# [Aim of the exercise]
The response should consist of every line below, restated exactly, with no pictures.

# [Data for this task]
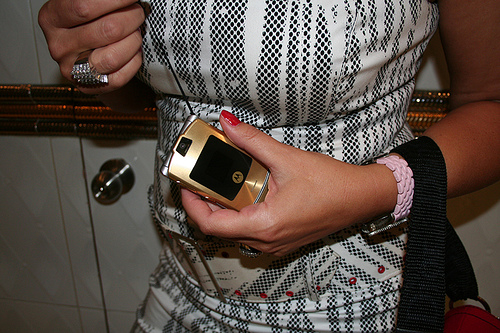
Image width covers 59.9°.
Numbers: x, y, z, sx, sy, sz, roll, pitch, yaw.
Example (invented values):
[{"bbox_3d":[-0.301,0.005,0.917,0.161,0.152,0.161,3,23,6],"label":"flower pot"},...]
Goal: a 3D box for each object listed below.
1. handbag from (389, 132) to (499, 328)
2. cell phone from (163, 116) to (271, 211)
[{"bbox_3d":[0.411,0.179,1.000,0.256,0.097,0.483,-14,98,-50],"label":"handbag"},{"bbox_3d":[-0.067,0.006,0.936,0.227,0.053,0.140,27,78,3],"label":"cell phone"}]
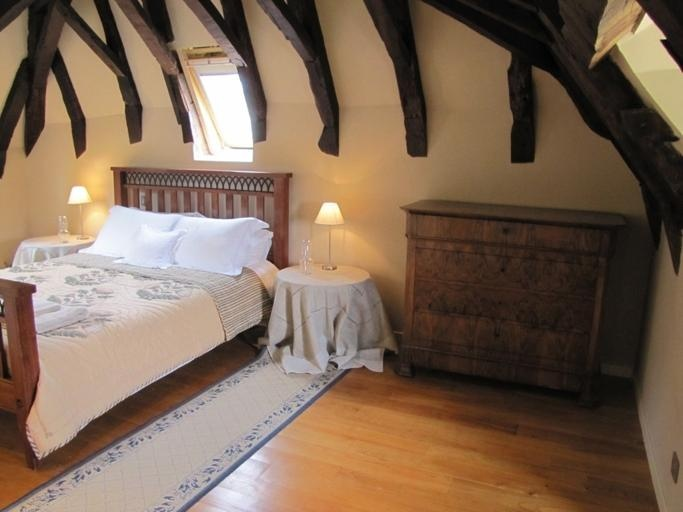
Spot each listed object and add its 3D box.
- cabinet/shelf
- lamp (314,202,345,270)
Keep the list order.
[{"bbox_3d":[1.260,0.350,3.656,1.244,1.170,0.532,5,12,22],"label":"cabinet/shelf"},{"bbox_3d":[-0.105,-0.186,4.480,0.253,0.579,0.434,0,9,-1],"label":"lamp"}]
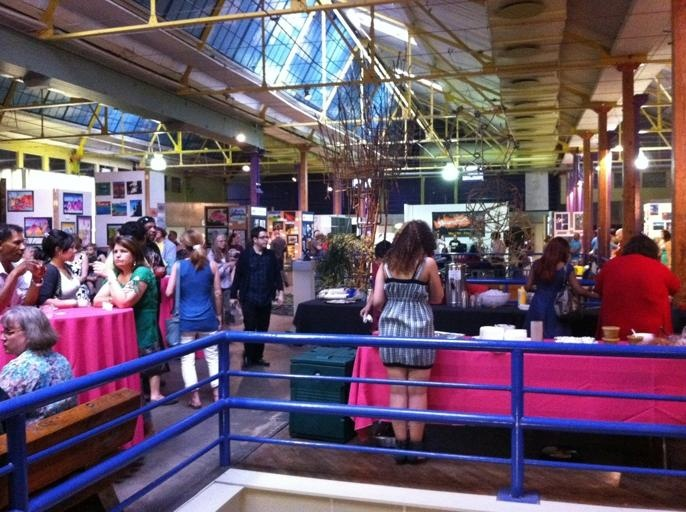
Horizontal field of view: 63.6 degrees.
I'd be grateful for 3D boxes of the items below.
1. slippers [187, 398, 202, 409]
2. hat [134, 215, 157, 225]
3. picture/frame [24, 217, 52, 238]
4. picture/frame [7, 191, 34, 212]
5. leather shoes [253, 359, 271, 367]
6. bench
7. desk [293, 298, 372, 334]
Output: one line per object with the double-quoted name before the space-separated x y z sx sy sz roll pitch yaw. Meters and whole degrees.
"slippers" -1.418 1.413 5.286 0.065 0.068 0.179 2 3 -37
"hat" -2.270 -0.399 6.364 0.194 0.187 0.243 -3 12 -27
"picture/frame" -6.417 -0.604 11.601 0.641 0.498 0.041 2 8 2
"picture/frame" -7.226 -1.237 12.385 0.485 0.394 0.051 1 -1 3
"leather shoes" -0.978 1.318 6.749 0.183 0.068 0.066 -1 1 9
"bench" -1.415 1.116 2.896 0.382 0.642 0.888 -2 1 7
"desk" -0.130 0.694 6.063 0.539 0.189 0.533 2 1 14
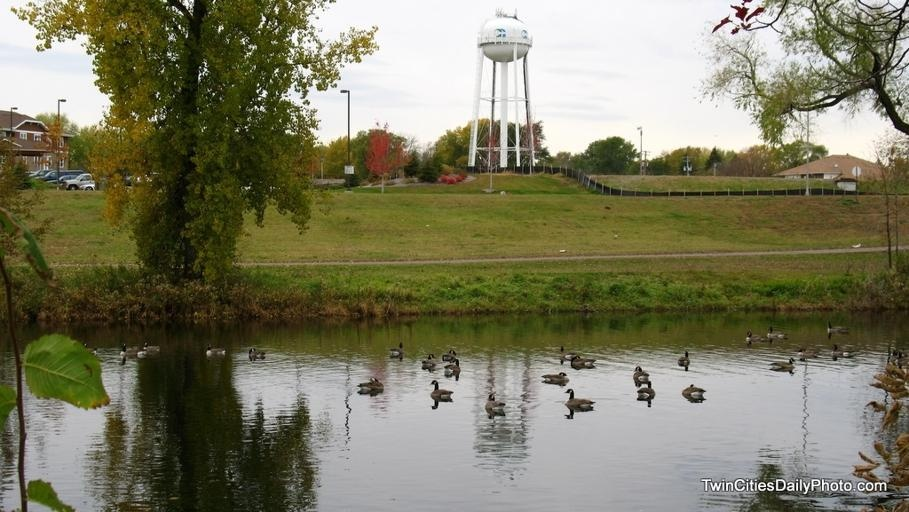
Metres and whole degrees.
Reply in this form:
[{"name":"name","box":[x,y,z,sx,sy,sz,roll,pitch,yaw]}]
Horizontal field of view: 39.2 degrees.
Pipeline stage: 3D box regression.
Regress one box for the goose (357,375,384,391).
[{"name":"goose","box":[-4.745,7.217,72.606,1.323,0.704,0.543,1,-2,-4]}]
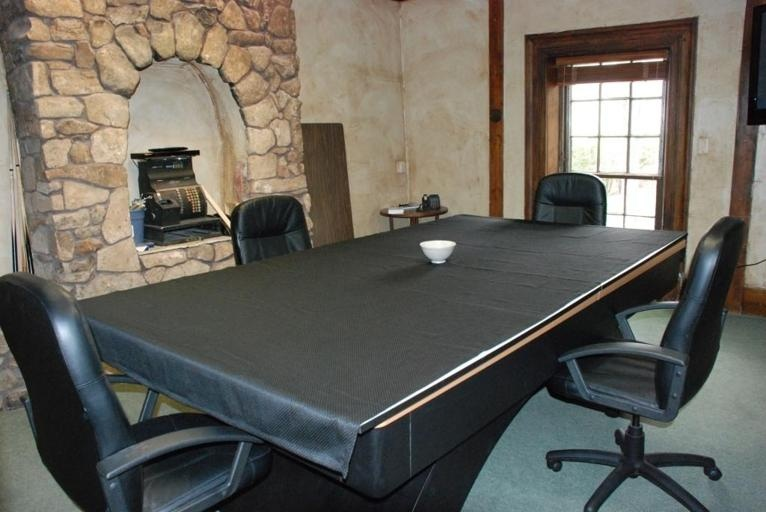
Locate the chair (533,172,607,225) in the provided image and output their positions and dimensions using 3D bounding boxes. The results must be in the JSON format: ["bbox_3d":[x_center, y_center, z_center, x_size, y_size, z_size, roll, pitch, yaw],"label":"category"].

# [Answer space]
Image width covers 59.9°.
Numbers: x, y, z, sx, sy, sz, roll, pitch, yaw.
Example (invented values):
[{"bbox_3d":[-0.301,0.005,0.917,0.161,0.152,0.161,3,23,6],"label":"flower pot"},...]
Goal: a 3D box for each object listed below.
1. handbag from (389, 132) to (499, 328)
2. cell phone from (163, 116) to (271, 211)
[{"bbox_3d":[0.411,0.179,1.000,0.256,0.097,0.483,-14,98,-50],"label":"handbag"},{"bbox_3d":[-0.067,0.006,0.936,0.227,0.053,0.140,27,78,3],"label":"cell phone"}]
Spot each listed object and add its 3D box.
- cabinet/shelf
- lamp (314,202,345,270)
Keep the list order.
[{"bbox_3d":[1.260,0.350,3.656,1.244,1.170,0.532,5,12,22],"label":"cabinet/shelf"},{"bbox_3d":[-0.105,-0.186,4.480,0.253,0.579,0.434,0,9,-1],"label":"lamp"}]
Horizontal field of view: 63.6 degrees.
I'd be grateful for 3D boxes of the items below.
1. slippers [187, 398, 202, 409]
2. hat [134, 215, 157, 225]
3. picture/frame [24, 217, 52, 238]
4. picture/frame [7, 191, 34, 212]
5. leather shoes [253, 359, 271, 367]
6. bench
7. desk [293, 298, 372, 334]
Output: one line per object with the double-quoted name before the space-separated x y z sx sy sz roll pitch yaw. Meters and whole degrees.
"slippers" -1.418 1.413 5.286 0.065 0.068 0.179 2 3 -37
"hat" -2.270 -0.399 6.364 0.194 0.187 0.243 -3 12 -27
"picture/frame" -6.417 -0.604 11.601 0.641 0.498 0.041 2 8 2
"picture/frame" -7.226 -1.237 12.385 0.485 0.394 0.051 1 -1 3
"leather shoes" -0.978 1.318 6.749 0.183 0.068 0.066 -1 1 9
"bench" -1.415 1.116 2.896 0.382 0.642 0.888 -2 1 7
"desk" -0.130 0.694 6.063 0.539 0.189 0.533 2 1 14
Metres and whole degrees.
Reply in this form:
[{"name":"name","box":[x,y,z,sx,sy,sz,roll,pitch,yaw]}]
Horizontal field of view: 39.2 degrees.
Pipeline stage: 3D box regression.
Regress one box for the goose (357,375,384,391).
[{"name":"goose","box":[-4.745,7.217,72.606,1.323,0.704,0.543,1,-2,-4]}]
Locate the chair (533,172,607,225) in the provided image and output their positions and dimensions using 3D bounding boxes. The results must be in the JSON format: ["bbox_3d":[x_center, y_center, z_center, x_size, y_size, z_size, roll, pitch, yaw],"label":"category"].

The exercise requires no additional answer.